*Problem statement*
Since the pictures are not wanted, copy only the text of every record exactly.

*Material provided*
"""
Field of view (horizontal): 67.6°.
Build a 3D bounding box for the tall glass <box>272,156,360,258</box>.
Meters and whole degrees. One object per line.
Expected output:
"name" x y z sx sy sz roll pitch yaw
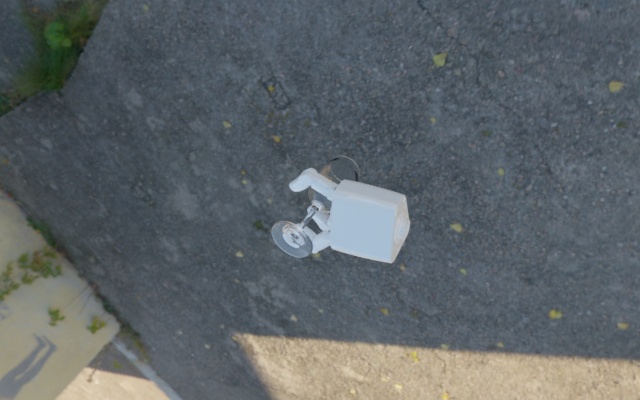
"""
*Task answer*
Field of view (horizontal): 67.6°.
Build a 3D bounding box for the tall glass <box>272,156,360,258</box>.
Meters and whole degrees. One object per line.
Expected output:
"name" x y z sx sy sz roll pitch yaw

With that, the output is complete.